Appellate litigation involves distinct skills, knowledge, and strategy. Both what to argue and how to argue it are important considerations that can determine the success or failure of an appeal. This applies to both written and oral advocacy at the appellate level.
Effective appellate advocacy requires a different approach than trial litigation. Unlike in a trial proceeding, an appellate jurist is bound to the existing record and rulings from the trial court and to a distinct standard by which the lower court ruling is reviewed. Unlike a trial proceeding, an appellate jurist must consider both the case before the Court, as well as the potential ramifications of the Court’s decision in future cases. These realities necessarily impact the preparation and presentation of a case, both at trial and before the appellate court. The involvement of experienced appellate counsel is invaluable at each stage of this process.
The lawyers at ThompsonMcMullan have the experience, knowledge, and skill to successfully represent clients in appellate matters.

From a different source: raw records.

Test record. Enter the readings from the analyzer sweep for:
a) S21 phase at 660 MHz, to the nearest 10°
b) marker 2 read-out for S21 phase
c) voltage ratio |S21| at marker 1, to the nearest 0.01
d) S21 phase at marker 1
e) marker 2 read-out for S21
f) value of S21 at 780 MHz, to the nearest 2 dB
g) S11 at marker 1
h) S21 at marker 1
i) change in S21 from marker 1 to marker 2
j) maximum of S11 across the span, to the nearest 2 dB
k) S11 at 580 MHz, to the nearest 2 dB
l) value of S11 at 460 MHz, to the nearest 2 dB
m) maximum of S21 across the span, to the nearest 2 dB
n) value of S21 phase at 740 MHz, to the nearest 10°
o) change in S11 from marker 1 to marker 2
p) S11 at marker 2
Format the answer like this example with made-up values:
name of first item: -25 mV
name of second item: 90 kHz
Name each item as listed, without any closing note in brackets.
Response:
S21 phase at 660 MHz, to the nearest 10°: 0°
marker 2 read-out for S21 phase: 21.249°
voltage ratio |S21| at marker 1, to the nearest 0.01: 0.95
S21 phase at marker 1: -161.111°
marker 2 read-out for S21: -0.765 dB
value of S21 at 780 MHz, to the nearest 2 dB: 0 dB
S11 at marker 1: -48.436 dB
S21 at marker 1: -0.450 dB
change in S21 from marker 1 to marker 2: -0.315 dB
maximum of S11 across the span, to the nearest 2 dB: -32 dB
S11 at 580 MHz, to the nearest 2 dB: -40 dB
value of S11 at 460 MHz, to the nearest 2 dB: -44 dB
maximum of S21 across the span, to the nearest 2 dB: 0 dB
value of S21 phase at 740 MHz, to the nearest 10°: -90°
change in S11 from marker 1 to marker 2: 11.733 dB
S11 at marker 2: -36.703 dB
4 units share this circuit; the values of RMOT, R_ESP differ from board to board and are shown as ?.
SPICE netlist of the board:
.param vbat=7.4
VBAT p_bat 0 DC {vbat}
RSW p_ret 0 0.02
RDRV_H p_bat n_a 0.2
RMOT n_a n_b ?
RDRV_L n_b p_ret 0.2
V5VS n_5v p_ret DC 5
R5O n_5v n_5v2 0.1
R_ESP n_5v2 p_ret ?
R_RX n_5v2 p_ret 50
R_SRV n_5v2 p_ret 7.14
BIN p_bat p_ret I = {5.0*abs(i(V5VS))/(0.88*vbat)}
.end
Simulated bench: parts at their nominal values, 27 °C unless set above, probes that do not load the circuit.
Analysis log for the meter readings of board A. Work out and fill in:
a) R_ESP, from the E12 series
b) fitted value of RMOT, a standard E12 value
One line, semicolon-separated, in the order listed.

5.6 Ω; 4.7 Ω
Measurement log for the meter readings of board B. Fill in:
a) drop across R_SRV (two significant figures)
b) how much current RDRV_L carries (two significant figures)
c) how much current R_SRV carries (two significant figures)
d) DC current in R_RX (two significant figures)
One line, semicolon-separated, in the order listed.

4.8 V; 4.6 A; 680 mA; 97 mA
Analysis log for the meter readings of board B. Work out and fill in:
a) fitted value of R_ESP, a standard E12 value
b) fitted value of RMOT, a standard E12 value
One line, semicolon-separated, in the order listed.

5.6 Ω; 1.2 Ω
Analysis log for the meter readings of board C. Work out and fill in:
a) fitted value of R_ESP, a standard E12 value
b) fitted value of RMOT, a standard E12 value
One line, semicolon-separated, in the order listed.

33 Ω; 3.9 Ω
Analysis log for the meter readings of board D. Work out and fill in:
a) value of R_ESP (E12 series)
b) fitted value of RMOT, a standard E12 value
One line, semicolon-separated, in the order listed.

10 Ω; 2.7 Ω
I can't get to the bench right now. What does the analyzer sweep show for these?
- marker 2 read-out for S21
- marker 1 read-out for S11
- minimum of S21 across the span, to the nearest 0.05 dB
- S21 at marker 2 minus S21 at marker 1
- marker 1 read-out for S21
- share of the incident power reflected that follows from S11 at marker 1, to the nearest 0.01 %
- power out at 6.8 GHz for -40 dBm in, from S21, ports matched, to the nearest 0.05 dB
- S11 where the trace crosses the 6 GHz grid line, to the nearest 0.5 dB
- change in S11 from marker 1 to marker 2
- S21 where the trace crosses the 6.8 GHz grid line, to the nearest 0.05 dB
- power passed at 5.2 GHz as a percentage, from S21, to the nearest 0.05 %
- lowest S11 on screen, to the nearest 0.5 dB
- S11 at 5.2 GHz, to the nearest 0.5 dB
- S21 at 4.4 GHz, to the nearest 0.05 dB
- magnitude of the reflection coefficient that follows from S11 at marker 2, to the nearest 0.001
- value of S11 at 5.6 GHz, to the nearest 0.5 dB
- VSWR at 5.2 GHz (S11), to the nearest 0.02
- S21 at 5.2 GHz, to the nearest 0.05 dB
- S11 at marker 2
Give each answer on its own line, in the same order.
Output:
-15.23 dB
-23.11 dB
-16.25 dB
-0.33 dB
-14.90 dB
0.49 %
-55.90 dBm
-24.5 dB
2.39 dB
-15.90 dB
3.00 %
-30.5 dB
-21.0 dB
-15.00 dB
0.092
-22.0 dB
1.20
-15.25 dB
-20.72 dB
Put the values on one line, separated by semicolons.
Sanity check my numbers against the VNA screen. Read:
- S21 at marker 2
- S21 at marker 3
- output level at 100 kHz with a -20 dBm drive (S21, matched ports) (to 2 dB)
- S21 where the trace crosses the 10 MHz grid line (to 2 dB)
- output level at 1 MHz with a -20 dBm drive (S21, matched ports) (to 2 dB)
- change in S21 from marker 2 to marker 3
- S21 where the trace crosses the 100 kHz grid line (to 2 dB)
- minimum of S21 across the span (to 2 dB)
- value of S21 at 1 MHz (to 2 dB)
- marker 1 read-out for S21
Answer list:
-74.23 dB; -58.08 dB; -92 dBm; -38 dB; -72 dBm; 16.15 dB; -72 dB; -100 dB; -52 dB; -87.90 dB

Beginning with the filing of a lawsuit and at each stage of litigation, ThompsonMcMullan’s appellate attorneys provide the necessary experience and knowledge of appellate rules, procedures, strategies, and advocacy to obtain the best result for our clients. ThompsonMcMullan offers a full range of appellate services including:
- Consultation regarding both pre- and post-trial motions, and preserving issues for appeal;
- Consultation regarding the advisability of pursuing an appeal in light of the trial record and potential bases for appellate review;
- Perfecting a timely appeal;
- Briefing and arguing the appeal;
- Post-ruling issues, such as recovering costs or filing a petition for rehearing.
Our appellate practitioners have clerked in both state and federal courts, and include a former clerk of the Chief Justice of the Supreme Court of Virginia. We have extensive experience practicing before the Supreme Court of Virginia, the United States Court of Appeals for the Fourth Circuit, and the Court of Appeals of Virginia. Among our many notable cases are:
- Rafalko v. Georgiadis, Record No. 141533 (Sup. Ct. Va. 2015), involving the administration of a trust and the interpretation of a No Contest Clause;
- Lucas v. Woody, 287 Va. 354 (2014), analyzing the applicability of the statute of limitations to an action arising from conditions of confinement;
- Rogers v. Stem, 590 Fed. Appx. 201 (4th Cir. 2014), answering whether a law enforcement officer was entitled to qualified immunity for claims brought under the Fourth and Fourteenth Amendments;
- Daniels v. Mobley, 285 Va. 402 (2013), addressing a declaratory judgment action to determine whether Texas Hold ‘Em was illegal gambling;
- Lewis v. Kei, 281 Va. 715 (2011), involving defamation, malicious prosecution, and false imprisonment claims against a law enforcement officer;
- King v. McMillan, 594 F.3d 301 (4th Cir. 2010), involving a Title VII claim against a law enforcement officer;
- Life Partners v. Morrison, 484 F.3d 284 (4th Cir. 2007), addressing the applicability of the Commerce Clause to a Virginia statute governing viatical settlements;
- Cox v. Geary, 271 Va. 141 (2006), addressing the appellant’s damages claim in a legal malpractice action arising out of a criminal case;
- Pyramid Dev. v. D&J Assocs., 262 Va. 750 (2001), interpreting the meaning and extinguishment of an easement;
- GTE South Inc. v. Morrison, 199 F.3d 733 (1999), involving the determination of the Virginia State Corporation Commission regarding the prices for facilities and services of telephone companies.